/Seurat

Repository for Seurat analysis

Primary LanguageJupyter Notebook

Seurat

Repository for Seurat anaysis

Table of Contents

Prerequisites - Install R packages

options(repos="http://cran.ism.ac.jp")
install.packages('dplyr')			
install.packages('Seurat')
install.packages('optparse')
install.packages('ggpubr')
install.packages('cowplot')
install.packages('grid')
install.packages('ggplot2')
install.packages('hdf5r')

Downloading the package "hdf5r" may not work on ssh.

10x chromium single cell analysis

10x_seurat.R automates the analysis shown in the Seurat tutorial.

Input

10x chromium output files.
./input_dir
├--- barcodes.tsv.gz
├--- features.tsv.gz
└--- matrix.mtx.gz

Output

  • .png format plots
  • .txt files
  • .tsv files -> may be used as Cibersortx input
  • .rds files

Usage

Basic usage

$ Rscript  seurat.R -i ./input_dir/ -o ./output_dir/ --project_name 'custom_project_name'     

Step 1: Initial run

Visualise raw data and determine cutoff values to use for dropping low quality data/cells.

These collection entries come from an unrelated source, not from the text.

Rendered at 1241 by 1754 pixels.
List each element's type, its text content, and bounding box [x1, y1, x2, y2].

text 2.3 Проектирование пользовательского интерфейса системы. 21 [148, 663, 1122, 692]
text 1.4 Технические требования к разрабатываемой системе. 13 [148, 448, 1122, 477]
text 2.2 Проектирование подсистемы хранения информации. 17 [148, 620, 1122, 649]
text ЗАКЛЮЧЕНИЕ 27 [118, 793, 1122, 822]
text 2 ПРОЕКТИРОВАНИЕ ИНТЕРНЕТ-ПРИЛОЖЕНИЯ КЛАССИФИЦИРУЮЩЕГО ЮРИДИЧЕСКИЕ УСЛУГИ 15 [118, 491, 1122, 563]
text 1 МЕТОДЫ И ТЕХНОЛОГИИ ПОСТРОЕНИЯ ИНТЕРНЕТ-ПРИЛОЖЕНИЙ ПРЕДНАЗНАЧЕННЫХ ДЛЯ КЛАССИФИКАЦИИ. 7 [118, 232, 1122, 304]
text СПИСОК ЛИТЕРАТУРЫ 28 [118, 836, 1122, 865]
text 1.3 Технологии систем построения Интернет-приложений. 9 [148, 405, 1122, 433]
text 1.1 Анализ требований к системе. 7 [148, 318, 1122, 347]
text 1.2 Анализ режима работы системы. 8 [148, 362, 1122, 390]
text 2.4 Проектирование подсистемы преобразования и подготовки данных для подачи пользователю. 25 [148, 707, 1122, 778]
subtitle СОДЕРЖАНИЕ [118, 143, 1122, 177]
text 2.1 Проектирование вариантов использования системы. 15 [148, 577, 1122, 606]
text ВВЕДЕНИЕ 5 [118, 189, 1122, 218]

$ Rscript  seurat.R -i ./input_dir/ -o ./output_dir/ --project_name 'custom_project_name' --visualise_rawdata  

Step 2: Determine dimensions to use

According to your plots generated in step 1, assign integers to --nFeature_RNA_min, --nFeature_RNA_max and --percent.mt custom_value.

$ Rscript seurat.R  -i ./input_dir/ -o ./output_dir/ --nFeature_RNA_min custom_value --nFeature_RNA_max custom_value --percent.mt custom_value --project_name 'custom_project_name'  

Step 3: Determine cluster phenotypes

According to pca_*.png plots from Step2, reassign --pca_dims with the number of dimensions suitable for your dataset.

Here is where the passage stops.